I’m the daddy of two boys who’ve simply turned 12 and 10. Our older son is an easy-going, well mannered and clever youngster who excels at college and who, typically, appears fairly content material along with his lot in life.

My subject is his indolent life-style. He spends hours in entrance of a pc display screen gaming and watching YouTube movies (like most of his friends) and, whereas I’ve no subject with gaming and YouTube per se, over the past yr or so he has develop into barely obese. Until final yr he performed soccer, however in the beginning of this season introduced he needed to offer it up (a lot to my disappointment). He additionally gave up GAA just a few years in the past.

He attends taekwondo classes twice every week, which he appears to actually take pleasure in, however I’m conscious that this isn’t sufficient train for him. When I used to be a toddler, I used to be extraordinarily energetic and have continued to play sports activities and train repeatedly into maturity, so I discover his lack of enthusiasm for athletic actions and health very irritating.
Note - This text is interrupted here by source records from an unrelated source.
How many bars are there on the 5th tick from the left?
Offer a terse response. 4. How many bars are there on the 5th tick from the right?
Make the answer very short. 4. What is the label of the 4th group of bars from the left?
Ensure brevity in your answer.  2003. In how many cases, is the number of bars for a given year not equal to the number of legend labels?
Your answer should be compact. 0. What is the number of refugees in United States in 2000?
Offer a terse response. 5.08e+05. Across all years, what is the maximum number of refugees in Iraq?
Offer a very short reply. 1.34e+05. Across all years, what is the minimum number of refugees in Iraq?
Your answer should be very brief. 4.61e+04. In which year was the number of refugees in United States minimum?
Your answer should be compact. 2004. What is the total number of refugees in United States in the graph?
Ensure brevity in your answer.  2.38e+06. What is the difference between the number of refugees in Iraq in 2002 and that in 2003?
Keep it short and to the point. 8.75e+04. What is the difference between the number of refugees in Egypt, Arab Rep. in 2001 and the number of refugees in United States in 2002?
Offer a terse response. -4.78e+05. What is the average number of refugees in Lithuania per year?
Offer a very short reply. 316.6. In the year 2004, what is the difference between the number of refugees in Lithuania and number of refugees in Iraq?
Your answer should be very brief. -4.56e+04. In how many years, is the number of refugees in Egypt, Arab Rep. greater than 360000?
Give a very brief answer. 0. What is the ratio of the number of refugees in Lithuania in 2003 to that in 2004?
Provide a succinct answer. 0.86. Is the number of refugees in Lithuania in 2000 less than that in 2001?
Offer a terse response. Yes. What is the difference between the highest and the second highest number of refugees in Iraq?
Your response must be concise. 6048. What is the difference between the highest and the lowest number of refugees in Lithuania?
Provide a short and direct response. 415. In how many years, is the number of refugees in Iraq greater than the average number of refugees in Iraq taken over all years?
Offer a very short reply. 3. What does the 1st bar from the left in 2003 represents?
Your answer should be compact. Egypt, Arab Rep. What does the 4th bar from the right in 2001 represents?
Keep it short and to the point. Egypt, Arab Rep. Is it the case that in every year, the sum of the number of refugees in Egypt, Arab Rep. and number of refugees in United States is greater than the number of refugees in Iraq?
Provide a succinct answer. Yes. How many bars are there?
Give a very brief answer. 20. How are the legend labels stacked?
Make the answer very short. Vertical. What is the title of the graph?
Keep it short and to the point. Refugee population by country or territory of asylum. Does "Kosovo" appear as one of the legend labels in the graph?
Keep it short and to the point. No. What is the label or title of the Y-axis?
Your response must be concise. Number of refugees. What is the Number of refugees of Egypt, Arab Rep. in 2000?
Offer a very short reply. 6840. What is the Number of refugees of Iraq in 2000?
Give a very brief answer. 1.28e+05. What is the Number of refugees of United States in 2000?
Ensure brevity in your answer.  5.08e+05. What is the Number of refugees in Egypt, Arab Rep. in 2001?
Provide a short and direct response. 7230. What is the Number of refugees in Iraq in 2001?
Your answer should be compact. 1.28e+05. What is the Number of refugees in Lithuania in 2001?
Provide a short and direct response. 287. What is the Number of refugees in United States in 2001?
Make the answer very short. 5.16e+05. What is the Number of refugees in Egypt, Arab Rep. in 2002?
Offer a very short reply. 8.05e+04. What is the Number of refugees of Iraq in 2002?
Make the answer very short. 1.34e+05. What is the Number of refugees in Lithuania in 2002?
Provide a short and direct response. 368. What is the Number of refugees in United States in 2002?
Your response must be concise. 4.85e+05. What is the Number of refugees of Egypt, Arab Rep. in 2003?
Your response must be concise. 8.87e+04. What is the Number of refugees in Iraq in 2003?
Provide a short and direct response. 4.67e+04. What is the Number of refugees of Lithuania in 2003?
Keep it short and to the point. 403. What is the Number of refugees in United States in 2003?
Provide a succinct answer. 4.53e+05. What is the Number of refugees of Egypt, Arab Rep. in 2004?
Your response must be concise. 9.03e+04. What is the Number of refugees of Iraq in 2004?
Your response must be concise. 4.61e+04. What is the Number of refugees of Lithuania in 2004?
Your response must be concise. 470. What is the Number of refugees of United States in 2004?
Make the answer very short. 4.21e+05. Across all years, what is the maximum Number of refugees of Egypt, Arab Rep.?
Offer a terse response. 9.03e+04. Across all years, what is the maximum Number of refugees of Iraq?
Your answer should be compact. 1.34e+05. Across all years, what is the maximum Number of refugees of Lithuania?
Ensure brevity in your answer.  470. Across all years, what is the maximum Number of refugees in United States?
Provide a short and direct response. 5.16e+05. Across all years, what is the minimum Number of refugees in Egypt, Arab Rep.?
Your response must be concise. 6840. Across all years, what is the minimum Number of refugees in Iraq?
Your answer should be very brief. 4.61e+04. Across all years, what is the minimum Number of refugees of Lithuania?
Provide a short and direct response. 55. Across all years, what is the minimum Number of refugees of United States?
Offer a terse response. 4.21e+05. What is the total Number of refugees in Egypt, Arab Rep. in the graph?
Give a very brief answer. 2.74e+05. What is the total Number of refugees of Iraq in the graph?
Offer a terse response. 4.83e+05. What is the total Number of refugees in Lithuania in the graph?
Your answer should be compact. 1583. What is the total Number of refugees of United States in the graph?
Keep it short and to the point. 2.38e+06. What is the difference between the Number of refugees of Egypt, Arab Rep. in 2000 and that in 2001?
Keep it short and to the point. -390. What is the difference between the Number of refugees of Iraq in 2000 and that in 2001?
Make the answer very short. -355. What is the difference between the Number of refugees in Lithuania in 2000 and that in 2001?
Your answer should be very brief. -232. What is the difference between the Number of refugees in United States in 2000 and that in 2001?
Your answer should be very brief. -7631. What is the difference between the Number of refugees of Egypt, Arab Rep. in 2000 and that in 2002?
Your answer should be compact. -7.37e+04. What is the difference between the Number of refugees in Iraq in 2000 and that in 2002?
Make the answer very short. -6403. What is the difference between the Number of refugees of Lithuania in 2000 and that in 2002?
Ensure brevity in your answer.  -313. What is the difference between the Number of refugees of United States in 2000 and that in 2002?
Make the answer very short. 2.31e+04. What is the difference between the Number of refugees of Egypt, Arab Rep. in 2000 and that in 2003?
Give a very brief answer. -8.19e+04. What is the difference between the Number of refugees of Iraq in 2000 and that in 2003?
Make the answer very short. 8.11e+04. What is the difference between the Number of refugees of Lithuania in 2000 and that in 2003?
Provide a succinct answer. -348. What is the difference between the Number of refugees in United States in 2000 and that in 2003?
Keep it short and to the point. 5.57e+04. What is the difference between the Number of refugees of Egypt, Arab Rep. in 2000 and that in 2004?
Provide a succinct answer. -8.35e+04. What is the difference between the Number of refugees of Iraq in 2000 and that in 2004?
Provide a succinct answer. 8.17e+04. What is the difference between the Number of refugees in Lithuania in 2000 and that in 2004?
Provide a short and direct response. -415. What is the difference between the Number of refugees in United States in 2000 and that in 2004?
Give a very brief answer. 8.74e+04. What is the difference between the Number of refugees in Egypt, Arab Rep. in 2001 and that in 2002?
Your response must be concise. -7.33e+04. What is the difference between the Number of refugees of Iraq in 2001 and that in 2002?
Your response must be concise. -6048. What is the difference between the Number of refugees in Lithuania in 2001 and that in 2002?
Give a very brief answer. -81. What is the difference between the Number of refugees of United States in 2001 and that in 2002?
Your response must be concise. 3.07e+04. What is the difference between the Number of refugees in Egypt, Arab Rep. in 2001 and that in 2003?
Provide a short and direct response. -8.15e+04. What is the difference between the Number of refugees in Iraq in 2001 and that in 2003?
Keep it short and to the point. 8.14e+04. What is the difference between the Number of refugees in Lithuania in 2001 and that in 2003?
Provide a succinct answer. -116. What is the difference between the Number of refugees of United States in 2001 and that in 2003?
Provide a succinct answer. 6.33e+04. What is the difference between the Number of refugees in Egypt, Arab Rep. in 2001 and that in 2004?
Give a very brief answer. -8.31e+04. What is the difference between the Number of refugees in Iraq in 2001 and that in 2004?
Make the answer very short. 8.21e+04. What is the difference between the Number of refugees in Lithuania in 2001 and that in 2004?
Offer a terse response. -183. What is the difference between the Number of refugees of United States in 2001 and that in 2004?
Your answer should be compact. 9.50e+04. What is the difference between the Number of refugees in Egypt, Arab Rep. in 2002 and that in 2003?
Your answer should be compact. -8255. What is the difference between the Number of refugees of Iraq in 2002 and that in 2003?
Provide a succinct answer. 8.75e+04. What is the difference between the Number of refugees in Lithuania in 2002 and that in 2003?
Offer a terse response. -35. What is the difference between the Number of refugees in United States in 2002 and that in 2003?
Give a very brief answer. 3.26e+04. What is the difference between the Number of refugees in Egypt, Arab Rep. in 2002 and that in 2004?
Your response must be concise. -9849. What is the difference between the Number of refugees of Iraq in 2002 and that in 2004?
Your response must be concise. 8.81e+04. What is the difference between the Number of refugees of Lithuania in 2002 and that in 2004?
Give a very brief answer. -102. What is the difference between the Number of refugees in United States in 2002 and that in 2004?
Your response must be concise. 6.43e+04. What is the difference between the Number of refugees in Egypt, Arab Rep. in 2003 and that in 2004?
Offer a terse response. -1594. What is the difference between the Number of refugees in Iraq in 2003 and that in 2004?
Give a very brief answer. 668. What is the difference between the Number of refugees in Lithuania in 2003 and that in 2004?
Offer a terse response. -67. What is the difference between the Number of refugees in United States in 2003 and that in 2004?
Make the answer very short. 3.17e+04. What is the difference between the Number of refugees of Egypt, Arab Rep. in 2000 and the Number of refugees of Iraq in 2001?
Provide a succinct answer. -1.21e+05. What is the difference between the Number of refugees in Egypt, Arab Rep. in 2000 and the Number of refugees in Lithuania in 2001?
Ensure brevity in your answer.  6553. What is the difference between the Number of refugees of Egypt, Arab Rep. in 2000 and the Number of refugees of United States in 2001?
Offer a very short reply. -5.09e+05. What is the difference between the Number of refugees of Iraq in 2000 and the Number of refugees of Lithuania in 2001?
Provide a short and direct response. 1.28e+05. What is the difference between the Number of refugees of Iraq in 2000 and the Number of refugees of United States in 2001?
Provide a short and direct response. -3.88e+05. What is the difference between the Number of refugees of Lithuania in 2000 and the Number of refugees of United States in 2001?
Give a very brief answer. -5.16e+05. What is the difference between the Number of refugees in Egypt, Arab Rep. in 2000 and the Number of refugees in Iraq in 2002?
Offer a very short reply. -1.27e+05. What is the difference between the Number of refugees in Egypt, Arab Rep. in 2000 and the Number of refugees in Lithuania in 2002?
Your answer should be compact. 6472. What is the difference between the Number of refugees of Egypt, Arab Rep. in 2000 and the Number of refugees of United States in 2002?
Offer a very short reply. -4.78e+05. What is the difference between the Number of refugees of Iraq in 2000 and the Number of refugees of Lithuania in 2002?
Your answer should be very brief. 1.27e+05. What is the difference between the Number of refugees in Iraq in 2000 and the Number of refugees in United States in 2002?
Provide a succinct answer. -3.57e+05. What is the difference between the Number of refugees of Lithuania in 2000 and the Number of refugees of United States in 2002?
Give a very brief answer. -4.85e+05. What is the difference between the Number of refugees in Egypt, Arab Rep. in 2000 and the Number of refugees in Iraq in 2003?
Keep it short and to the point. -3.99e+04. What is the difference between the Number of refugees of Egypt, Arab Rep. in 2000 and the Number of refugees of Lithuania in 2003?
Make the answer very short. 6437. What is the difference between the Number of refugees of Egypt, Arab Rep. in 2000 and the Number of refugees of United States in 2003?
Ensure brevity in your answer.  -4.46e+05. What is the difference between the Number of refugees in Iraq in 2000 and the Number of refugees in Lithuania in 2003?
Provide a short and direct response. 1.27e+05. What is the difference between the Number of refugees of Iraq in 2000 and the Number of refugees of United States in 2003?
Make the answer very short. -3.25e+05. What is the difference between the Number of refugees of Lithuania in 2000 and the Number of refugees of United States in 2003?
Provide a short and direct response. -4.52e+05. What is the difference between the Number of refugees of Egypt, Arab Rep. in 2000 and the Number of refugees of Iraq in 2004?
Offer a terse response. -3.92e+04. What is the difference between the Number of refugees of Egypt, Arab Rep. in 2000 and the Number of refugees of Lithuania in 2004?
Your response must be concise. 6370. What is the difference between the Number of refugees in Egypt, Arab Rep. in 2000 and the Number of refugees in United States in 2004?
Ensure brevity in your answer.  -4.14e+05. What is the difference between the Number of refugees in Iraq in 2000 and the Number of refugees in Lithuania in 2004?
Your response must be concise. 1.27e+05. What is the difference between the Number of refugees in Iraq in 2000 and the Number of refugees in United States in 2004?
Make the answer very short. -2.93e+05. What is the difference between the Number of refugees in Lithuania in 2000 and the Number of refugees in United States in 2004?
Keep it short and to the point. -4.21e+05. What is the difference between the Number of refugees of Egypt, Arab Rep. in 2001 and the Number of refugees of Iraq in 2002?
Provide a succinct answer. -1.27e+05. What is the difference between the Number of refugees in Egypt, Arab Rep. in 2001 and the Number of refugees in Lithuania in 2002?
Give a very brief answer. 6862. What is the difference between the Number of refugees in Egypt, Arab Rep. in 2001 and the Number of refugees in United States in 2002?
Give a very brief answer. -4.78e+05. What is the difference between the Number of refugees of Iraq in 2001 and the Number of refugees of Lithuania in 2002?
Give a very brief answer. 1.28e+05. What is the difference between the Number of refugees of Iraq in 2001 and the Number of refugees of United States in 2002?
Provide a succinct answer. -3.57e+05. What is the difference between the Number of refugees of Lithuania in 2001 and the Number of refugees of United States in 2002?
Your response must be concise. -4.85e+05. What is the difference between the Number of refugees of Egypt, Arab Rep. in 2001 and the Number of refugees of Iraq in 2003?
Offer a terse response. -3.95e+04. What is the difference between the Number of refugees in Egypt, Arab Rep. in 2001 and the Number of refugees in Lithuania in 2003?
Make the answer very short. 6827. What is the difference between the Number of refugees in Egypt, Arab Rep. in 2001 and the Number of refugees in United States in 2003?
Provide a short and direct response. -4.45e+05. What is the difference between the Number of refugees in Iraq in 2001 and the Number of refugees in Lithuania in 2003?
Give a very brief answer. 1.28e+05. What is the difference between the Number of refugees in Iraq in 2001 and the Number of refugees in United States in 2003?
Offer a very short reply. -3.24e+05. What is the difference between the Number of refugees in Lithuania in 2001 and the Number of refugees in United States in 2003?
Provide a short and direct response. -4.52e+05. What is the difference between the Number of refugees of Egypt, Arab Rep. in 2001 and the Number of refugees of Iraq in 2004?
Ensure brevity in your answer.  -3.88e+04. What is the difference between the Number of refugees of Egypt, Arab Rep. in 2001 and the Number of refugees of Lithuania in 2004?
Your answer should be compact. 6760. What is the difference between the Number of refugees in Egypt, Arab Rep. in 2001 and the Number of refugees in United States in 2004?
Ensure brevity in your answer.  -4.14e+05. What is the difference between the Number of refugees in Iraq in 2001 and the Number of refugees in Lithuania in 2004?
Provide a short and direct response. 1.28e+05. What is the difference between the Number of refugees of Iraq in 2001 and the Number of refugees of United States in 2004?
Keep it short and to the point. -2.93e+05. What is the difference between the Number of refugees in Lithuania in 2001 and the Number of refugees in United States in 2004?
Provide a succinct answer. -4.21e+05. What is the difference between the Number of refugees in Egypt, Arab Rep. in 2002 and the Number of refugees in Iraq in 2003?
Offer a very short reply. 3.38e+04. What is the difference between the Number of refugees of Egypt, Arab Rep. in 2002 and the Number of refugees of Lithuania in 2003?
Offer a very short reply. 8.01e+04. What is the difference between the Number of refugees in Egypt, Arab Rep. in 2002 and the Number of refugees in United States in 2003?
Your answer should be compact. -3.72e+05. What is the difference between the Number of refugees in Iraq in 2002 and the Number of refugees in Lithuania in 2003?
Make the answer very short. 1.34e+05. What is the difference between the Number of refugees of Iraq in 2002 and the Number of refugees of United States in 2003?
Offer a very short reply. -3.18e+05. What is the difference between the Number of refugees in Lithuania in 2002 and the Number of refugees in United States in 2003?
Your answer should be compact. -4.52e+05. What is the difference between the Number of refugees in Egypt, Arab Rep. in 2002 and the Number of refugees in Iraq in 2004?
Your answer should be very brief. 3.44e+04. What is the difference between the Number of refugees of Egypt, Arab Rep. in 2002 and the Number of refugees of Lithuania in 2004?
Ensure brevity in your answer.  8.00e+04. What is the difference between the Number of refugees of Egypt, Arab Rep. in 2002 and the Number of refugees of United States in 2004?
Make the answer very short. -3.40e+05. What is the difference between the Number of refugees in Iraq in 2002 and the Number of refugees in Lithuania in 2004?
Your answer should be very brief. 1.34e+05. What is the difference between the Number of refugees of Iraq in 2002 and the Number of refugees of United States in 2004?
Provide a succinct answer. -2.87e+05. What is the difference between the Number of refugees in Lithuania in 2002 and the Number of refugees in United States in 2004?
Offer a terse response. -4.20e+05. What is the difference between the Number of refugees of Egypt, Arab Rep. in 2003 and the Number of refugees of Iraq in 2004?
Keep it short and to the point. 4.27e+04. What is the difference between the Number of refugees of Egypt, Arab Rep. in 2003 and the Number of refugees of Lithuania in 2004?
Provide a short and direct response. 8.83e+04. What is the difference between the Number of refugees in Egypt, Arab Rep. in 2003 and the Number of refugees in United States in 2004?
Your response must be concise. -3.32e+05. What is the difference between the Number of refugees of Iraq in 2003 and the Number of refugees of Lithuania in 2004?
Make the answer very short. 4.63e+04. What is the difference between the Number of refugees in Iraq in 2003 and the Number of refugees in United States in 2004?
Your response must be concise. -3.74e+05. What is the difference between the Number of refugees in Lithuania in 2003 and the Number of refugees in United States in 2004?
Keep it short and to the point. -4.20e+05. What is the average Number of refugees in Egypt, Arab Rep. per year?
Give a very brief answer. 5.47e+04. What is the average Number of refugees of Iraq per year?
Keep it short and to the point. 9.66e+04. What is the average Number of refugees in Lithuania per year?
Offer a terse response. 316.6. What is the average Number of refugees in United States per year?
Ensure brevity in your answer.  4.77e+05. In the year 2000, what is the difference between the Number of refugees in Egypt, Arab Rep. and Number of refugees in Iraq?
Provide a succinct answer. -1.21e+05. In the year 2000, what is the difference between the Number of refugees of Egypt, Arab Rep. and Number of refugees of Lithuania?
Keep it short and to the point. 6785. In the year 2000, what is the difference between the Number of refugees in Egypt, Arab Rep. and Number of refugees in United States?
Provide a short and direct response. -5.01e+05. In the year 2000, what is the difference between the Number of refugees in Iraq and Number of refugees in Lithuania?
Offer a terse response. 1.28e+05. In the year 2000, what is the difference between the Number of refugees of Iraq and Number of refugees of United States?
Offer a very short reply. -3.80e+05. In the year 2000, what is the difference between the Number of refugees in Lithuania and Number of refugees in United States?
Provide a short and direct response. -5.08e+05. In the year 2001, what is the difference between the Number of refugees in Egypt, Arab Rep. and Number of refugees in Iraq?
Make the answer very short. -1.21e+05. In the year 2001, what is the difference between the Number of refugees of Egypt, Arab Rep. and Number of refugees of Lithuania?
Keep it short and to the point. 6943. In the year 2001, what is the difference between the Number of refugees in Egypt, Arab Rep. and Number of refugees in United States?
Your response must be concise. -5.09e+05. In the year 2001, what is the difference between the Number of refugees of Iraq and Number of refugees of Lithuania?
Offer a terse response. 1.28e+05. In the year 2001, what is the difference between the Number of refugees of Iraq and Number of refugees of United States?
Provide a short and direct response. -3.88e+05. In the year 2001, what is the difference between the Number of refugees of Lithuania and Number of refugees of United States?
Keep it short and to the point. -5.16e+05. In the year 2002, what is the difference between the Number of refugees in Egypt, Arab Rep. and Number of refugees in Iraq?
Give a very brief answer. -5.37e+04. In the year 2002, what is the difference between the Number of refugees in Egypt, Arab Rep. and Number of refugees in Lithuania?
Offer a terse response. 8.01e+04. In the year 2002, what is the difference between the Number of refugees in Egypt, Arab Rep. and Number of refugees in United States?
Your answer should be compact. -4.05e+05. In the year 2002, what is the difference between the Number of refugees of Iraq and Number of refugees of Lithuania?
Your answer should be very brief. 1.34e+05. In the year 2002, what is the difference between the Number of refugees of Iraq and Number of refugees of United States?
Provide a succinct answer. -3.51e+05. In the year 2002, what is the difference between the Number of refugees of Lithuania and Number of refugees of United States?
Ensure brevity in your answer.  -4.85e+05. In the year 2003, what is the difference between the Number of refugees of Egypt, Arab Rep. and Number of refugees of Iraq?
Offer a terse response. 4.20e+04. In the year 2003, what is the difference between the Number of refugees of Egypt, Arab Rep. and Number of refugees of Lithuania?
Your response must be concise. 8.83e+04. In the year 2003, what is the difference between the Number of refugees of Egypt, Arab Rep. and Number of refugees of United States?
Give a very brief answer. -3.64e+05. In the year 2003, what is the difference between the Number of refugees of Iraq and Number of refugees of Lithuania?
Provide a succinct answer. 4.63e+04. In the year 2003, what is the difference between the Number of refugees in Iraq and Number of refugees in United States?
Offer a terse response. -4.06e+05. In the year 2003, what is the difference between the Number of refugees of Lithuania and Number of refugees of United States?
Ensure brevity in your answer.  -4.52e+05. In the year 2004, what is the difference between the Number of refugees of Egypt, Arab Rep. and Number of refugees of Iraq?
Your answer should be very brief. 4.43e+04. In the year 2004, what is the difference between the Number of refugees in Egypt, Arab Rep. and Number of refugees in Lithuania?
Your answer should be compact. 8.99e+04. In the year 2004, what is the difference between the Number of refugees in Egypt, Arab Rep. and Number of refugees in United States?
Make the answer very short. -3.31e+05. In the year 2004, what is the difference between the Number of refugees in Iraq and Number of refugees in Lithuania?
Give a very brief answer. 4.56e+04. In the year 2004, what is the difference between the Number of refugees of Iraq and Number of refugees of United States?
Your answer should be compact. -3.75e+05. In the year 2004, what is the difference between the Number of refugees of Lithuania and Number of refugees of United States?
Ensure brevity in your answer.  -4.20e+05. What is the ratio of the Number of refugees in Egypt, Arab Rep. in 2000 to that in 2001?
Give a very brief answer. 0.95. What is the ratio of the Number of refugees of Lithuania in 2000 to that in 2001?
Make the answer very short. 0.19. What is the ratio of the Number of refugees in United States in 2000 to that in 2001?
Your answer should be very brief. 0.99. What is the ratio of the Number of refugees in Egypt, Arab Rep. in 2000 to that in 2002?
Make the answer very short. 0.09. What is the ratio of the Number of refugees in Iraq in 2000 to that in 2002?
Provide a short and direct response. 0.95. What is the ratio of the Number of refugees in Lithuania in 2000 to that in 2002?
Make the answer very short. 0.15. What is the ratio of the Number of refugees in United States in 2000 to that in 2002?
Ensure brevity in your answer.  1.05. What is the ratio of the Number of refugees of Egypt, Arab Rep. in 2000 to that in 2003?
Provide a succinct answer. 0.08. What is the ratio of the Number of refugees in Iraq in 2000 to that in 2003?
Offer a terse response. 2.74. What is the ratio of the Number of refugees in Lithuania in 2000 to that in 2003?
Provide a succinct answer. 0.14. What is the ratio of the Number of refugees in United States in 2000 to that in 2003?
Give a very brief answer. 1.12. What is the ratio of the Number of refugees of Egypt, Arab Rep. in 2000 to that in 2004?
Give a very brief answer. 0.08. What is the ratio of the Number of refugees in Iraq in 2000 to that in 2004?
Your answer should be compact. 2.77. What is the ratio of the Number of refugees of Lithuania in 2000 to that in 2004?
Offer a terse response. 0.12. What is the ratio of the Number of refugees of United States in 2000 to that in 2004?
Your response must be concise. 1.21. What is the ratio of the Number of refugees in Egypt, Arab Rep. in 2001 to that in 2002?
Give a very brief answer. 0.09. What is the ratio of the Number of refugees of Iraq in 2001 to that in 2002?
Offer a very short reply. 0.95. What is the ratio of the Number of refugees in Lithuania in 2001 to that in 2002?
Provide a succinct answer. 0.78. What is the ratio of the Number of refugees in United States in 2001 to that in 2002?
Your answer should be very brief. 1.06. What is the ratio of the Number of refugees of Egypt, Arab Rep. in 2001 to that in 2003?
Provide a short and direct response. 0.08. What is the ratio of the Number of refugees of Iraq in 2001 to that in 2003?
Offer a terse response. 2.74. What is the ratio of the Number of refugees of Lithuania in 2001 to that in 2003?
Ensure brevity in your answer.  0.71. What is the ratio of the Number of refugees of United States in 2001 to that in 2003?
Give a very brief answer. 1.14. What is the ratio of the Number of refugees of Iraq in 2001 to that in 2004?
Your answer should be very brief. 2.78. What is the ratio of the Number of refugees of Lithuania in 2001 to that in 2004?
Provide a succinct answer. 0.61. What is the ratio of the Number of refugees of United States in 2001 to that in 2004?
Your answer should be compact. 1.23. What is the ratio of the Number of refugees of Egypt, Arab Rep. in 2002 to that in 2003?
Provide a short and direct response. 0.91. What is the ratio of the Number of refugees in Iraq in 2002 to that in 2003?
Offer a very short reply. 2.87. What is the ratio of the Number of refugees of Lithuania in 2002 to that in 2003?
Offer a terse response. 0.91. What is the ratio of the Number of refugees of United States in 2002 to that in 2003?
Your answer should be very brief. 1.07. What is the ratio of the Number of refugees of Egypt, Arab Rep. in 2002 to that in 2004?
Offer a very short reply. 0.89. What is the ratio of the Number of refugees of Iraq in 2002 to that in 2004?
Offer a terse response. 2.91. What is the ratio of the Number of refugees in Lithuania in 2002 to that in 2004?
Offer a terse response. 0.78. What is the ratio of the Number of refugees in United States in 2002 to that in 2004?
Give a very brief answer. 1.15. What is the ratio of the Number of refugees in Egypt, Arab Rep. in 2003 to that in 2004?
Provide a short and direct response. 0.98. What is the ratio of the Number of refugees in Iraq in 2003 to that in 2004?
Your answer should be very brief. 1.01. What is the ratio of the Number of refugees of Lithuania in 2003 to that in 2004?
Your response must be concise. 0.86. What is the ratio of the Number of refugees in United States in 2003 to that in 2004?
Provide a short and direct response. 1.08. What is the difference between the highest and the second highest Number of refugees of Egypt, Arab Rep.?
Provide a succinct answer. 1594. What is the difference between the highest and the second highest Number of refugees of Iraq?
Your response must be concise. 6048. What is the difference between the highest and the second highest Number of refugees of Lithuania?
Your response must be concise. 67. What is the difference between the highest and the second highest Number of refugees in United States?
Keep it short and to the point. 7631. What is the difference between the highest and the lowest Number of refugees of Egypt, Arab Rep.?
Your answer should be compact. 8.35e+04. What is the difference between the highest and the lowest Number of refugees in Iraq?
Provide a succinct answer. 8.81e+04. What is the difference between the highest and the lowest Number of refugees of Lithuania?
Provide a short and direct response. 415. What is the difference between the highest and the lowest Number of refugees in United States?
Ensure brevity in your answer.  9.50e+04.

The matter is considerably sophisticated by the truth that his youthful brother, our 10-year-old, is autistic, nonverbal and has an mental incapacity. My spouse and I discover it extraordinarily difficult and totally exhausting to guardian our youthful son, as we don’t have a lot in the way in which of assist close by.

By necessity, a lot – I’d say nearly all – of our vitality, time and a spotlight is spent taking care of him. I discover that we have now little house to ensure that our older boy is consuming correctly and, specifically, getting sufficient train. I’m apprehensive that my older son, who not like his sibling provides us no bother in any respect and is joyful to be left to his personal gadgets, is in the end going to undergo as a result of, as a result of challenges related to elevating our youthful youngster, we don’t have the bandwidth to ensure he’s getting what he wants.

I’m notably involved on the prospect of him beginning secondary college subsequent yr whereas being barely obese and never being a part of any group/group actions. I worry he may be bullied (though he is a well-liked and assured youngster now), and I’m additionally involved concerning the long-term well being issues that may be related to him being obese into his teenagers.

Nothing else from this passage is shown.